Tag: Schiacciata

Pasimata or Schiacciata di Pasqua recipe – Italian Cuisine

Pasimata or Schiacciata di Pasqua recipe


It's called "Pasimata" or "schiacciata di Pasqua", a traditional recipe from Lucca and Garfagnana. To do at home, like this, with the recipe of Andrea Crudeli, chef of Locanda Alla Posta

It is called "Pasimata" or "schiacciata di Pasqua" and takes its name from the rural tradition of preparing, at the end of Lent, many sweets crushing dozens of eggs. It is a sweet leavened, flavored with anise seeds, with a long and laborious preparation that, depending on the quantity of dough, can last even two or three days. In the original version it is a normal bread that over time has been softened by the presence of lard and sugar. The Garfagnina version includes the addition of sultanas.

The smash is a ritual bread which once had a precise religious meaning. A bread to be shared among all, to each his part, in the meaning of fraternal commonality. For this reason in all the parishes, by the confraternities, the Pasimata was distributed in the church where on Holy Saturday preceding Easter it was blessed by the parish priests together with the eggs.

For those who want to prepare it at home, here is the recipe by Andrea Crudeli, chef of the Locanda Alla Posta, one of the restaurants located within the Ciocco Tenuta and Parco. The Valle del Serchio, in fact, the area of ​​Tuscany that extends from the plain of Lucca to the Garfagnana and in which precisely Il Ciocco is located, celebrates the Easter holidays with a rich program of events, according to the best traditions handed down for years.

Ingredients for a cake

500 grams of flour
3 eggs
200 grams of lard (or butter)
200 grams of sugar
50 grams of brewer's yeast
150 grams of sultanas
1 tablespoon of anise seeds

Method

The day before the lievitino is prepared by dissolving the yeast in a glass of warm water and mixing it with 100/150 grams of flour and leaving it to rest at room temperature covered with a rag for a whole day.

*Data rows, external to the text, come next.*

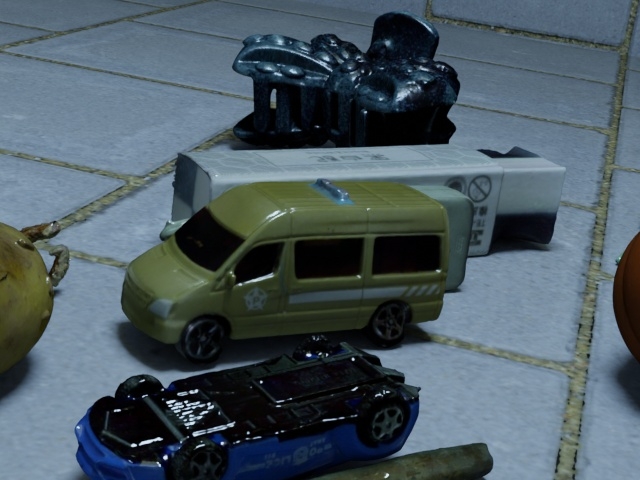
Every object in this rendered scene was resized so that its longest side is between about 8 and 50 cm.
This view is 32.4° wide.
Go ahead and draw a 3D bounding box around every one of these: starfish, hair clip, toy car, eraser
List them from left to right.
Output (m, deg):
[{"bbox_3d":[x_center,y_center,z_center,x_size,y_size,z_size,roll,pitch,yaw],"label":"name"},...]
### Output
[{"bbox_3d":[-0.310,0.021,0.881,0.209,0.053,0.150,-9,12,-30],"label":"starfish"},{"bbox_3d":[-0.040,0.114,0.667,0.216,0.063,0.103,-11,24,-28],"label":"toy car"},{"bbox_3d":[-0.024,0.015,0.863,0.256,0.124,0.101,-2,20,-29],"label":"toy car"},{"bbox_3d":[0.047,-0.174,1.357,0.310,0.194,0.206,23,31,34],"label":"hair clip"},{"bbox_3d":[0.055,-0.039,1.087,0.404,0.098,0.096,-4,22,-30],"label":"eraser"}]

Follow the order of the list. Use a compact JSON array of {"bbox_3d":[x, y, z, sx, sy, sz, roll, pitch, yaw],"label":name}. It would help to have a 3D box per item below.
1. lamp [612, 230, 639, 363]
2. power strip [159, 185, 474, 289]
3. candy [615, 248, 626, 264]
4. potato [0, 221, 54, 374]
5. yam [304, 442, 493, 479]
[{"bbox_3d":[0.335,0.036,0.837,0.223,0.196,0.223,-12,-14,-3],"label":"lamp"},{"bbox_3d":[0.000,0.000,0.963,0.288,0.093,0.053,-3,20,-27],"label":"power strip"},{"bbox_3d":[0.363,-0.011,1.221,0.194,0.062,0.058,-31,86,-49],"label":"candy"},{"bbox_3d":[-0.252,0.037,0.723,0.137,0.137,0.176,15,-1,20],"label":"potato"},{"bbox_3d":[0.008,0.150,0.645,0.234,0.029,0.027,-6,-4,-31],"label":"yam"}]
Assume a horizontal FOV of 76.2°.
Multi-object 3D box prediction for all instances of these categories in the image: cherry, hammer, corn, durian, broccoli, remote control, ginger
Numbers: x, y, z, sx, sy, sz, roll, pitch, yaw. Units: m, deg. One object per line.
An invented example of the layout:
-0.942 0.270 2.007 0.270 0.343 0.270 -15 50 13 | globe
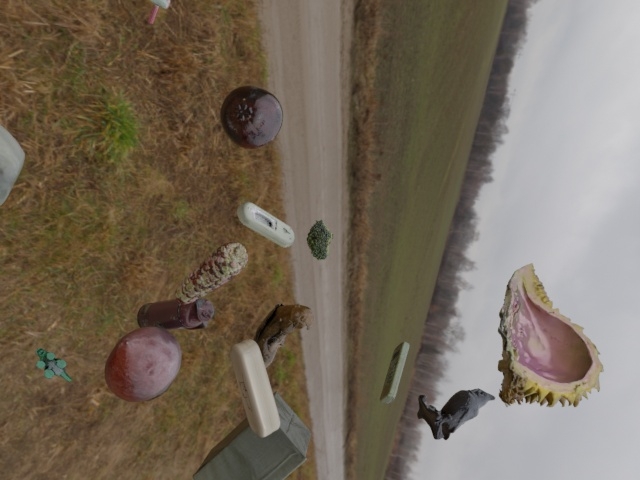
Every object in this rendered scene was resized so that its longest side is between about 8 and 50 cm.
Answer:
-0.540 0.378 1.260 0.239 0.206 0.239 -40 -176 3 | cherry
-0.416 -0.586 1.032 0.083 0.052 0.031 -48 -145 34 | hammer
-0.312 0.094 1.146 0.092 0.280 0.092 38 34 -32 | corn
0.388 0.210 0.772 0.305 0.185 0.196 -63 167 -52 | durian
0.000 0.000 1.175 0.095 0.097 0.092 -46 171 -1 | broccoli
0.279 0.496 1.538 0.233 0.038 0.098 -61 178 -37 | remote control
-0.142 0.301 1.357 0.309 0.133 0.107 -47 168 35 | ginger
-0.162 -0.049 1.263 0.221 0.042 0.078 32 43 -37 | remote control

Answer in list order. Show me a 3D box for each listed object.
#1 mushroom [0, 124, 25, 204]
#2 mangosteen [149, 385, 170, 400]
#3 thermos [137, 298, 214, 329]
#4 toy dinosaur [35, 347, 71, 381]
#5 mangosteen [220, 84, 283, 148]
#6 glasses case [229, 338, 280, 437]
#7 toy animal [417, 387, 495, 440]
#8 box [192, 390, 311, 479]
-0.431 -0.115 0.401 0.118 0.103 0.270 -63 157 -4 | mushroom
-0.620 0.456 1.450 0.216 0.216 0.216 14 90 -73 | mangosteen
-0.495 0.270 1.438 0.109 0.330 0.136 -30 105 -56 | thermos
-0.773 0.362 1.185 0.059 0.132 0.096 -45 -167 -28 | toy dinosaur
-0.249 -0.465 1.559 0.261 0.235 0.236 -24 126 -76 | mangosteen
-0.138 0.307 0.855 0.050 0.083 0.196 -14 85 -35 | glasses case
0.385 0.481 1.122 0.121 0.210 0.117 179 -98 -79 | toy animal
-0.156 0.521 0.998 0.231 0.155 0.149 -43 175 0 | box
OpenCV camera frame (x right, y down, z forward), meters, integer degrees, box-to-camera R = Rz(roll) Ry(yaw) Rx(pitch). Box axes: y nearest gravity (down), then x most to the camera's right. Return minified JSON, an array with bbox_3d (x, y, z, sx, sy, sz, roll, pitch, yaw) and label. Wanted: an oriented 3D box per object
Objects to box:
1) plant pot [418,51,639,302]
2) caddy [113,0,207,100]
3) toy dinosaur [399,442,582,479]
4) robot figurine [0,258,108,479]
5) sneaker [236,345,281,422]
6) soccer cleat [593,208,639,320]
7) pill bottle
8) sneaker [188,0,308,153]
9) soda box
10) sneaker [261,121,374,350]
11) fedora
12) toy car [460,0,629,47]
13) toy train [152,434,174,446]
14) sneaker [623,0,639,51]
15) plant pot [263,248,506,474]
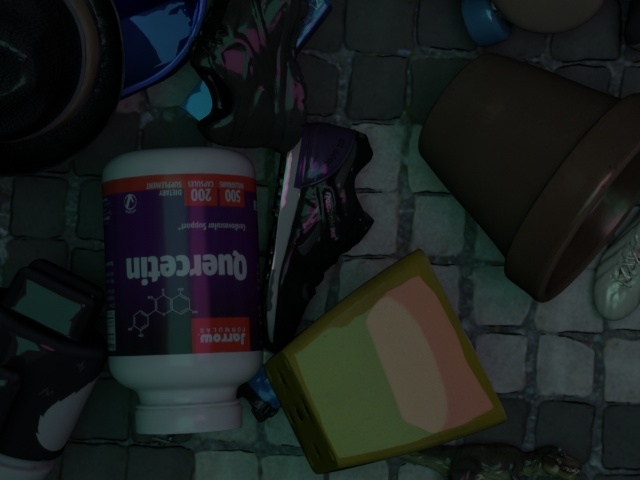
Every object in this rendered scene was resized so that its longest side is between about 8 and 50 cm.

The next day, first of all the eggs and the remaining flour are divided into three parts, the sultanas are put in soaking lukewarm water to make it softer and the butter is worked in ointment or almost melted.

It then begins to incorporate 1 egg with 1/3 of flour into the lievitino, mixing it all energetically and then let it rest and rise again for about 2 hours at room temperature and always covered.

Then follow the same procedure a second time, letting the mixture rest for another 2 hours, and finally, at the third time, the melted butter, sugar, soaked raisins and anise are incorporated.

Spread it all on a baking sheet and let it rest again for 2 hours.

At this point it is baked in the oven at 180 degrees for about an hour.